Compact 26-char URL-safe representation of UUIDs
Highlights
- Produces strings that are 30% smaller (26 chars vs traditional 36 chars)
- Supports full UUID range (128 bits)
- Encoding-safe (uses only readable characters from ASCII)
- URL/file-name safe
- Lowercase/uppercase safe
- Avoids ambiguous characters (i/I/l/L/1/O/o/0)
- Alphabetical sort on encoded 26-char strings matches default UUID sort order
- Both Clojure and ClojureScript are supported
Usage
Include:
[compact-uuids "0.2.1"]
Require:
(require [compact-uuids.core :as uuid])
Use:
(uuid/str #uuid "3867b6f3-dbb0-4ef5-8078-364897154fd9")
; => "3gsxpyfdv0kqn80y1p92bhakys"
(uuid/read "3gsxpyfdv0kqn80y1p92bhakys")
; => #uuid "3867b6f3-dbb0-4ef5-8078-364897154fd9"
Why?
What’s wrong with the default UUID encoding?
Nothing, except for how wasteful it is. UUIDs are not meant for human consumption, so why waste precious characters (UUID encoding wastes 4 chars on dashes alone!) on something that will be an opaque token for people anyway?
Unlike default UUID encoding, Compact UUIDs encoding uses as little space as possible while still being encoding-safe (only readable chars from ASCII) and URL-/filename-safe.
Does it matter? Well, not much, but it does a little.
For people
If you produce an URL that has at least one UUID in it, it becomes unbearably long:
https://domain.com/chat/3867b6f3-dbb0-4ef5-8078-364897154fd9
Compare it to more compact and easier-on-the-eyes variant:
https://domain.com/chat/3gsxpyfdv0kqn80y1p92bhakys
For performance
If you’re serializing lots of UUIDs (to JSON, for example), or you store lots of UUIDs as strings in memory (since there’s no compact UUID type in JS) or in DB (bad practice, don’t do that), then Compact UUIDs will save you up to 30% for free by essentially doing exactly the same. Just more efficient. It means faster transfers, less memory consumption, and less disk usage.
It probably wouldn’t make all the difference in the world, but it never hurts being a little more performant.
Encoding algorithm
Compact-UUIDs encoding is based on Crockford’s base32 encoding . This is the alphabet used:
values | chars |
---|---|
0-9 | 0-9 |
10-17 | a-h |
18-19 | jk |
20-21 | mn |
22-26 | p-t |
27-31 | v-z |
One important property of this alphabet is that it retains sort order.
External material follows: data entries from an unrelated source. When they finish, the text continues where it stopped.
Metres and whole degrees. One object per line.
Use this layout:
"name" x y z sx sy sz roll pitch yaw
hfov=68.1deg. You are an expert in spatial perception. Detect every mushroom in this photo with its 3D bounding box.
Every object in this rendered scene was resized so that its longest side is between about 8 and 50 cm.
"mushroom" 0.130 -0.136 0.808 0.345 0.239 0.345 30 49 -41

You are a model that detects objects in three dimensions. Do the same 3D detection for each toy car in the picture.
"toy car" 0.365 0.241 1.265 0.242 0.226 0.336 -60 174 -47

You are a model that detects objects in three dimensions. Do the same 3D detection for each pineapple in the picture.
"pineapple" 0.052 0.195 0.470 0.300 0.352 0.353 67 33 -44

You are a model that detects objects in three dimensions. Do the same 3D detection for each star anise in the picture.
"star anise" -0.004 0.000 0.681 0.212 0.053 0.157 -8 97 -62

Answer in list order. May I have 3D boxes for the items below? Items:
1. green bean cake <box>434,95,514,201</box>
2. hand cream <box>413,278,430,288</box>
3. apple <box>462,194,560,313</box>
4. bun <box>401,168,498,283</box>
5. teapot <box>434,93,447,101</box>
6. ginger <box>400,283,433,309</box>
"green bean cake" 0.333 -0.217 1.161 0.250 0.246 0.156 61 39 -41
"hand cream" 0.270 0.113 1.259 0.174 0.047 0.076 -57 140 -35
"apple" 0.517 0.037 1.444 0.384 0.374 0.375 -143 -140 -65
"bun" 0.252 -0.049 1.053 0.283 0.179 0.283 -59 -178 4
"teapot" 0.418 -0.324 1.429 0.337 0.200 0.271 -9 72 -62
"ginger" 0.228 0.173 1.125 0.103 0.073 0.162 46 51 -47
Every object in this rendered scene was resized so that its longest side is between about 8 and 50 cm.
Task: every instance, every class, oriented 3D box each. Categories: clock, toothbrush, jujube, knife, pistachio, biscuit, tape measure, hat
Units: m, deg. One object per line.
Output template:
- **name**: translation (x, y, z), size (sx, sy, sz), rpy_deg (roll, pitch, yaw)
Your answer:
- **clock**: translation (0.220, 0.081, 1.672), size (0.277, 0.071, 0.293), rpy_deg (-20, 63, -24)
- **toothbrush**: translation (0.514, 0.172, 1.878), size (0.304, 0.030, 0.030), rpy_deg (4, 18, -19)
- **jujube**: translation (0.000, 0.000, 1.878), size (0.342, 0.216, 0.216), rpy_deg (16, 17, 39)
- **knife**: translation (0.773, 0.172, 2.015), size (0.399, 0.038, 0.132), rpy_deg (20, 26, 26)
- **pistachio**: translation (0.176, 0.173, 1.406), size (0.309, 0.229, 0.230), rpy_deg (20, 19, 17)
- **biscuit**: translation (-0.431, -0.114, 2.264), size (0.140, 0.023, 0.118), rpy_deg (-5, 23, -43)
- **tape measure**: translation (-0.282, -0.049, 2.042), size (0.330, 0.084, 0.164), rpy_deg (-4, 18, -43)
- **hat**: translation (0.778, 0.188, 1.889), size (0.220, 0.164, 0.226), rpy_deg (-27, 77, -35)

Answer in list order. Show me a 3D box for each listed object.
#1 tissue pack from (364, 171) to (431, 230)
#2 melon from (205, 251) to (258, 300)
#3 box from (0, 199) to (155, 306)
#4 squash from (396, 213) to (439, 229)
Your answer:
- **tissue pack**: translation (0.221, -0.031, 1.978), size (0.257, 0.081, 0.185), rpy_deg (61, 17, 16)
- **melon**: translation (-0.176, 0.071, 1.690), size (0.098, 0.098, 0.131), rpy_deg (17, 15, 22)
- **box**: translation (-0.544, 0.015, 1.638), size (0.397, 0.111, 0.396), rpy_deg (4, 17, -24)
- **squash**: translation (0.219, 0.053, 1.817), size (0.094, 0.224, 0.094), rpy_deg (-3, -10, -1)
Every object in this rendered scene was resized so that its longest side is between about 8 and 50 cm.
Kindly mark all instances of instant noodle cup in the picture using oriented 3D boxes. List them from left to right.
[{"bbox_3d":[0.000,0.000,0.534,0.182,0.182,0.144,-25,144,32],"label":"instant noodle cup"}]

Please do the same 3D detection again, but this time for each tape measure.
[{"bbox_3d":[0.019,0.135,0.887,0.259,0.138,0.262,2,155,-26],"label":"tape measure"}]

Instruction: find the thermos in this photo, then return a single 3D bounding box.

I.e. if 1
< 2
< 3
then (uuid/str 1)
< (uuid/str 2)
< (uuid/str 3)
(lexicographically) for any 1, 2 and 3.
It’s also URL-safe, filename-safe, zero maps to ASCII 0 and small numbers (0-15) map to expected ASCII 0-9a-f
chars, making reading encoded small numbers easier.
N.B. Because 26 5-bit chars give you 130 bits and UUIDs are just 128 bit we limit chars at positions 0 and 13 to 4 bits (0123456789abcdef
)
Developing
To run tests:
lein test
lein cljsbuild test
To run benchmarks (JVM):
lein bench
License
Copyright © 2017 Nikita Prokopov
Licensed under Eclipse Public License (see LICENSE).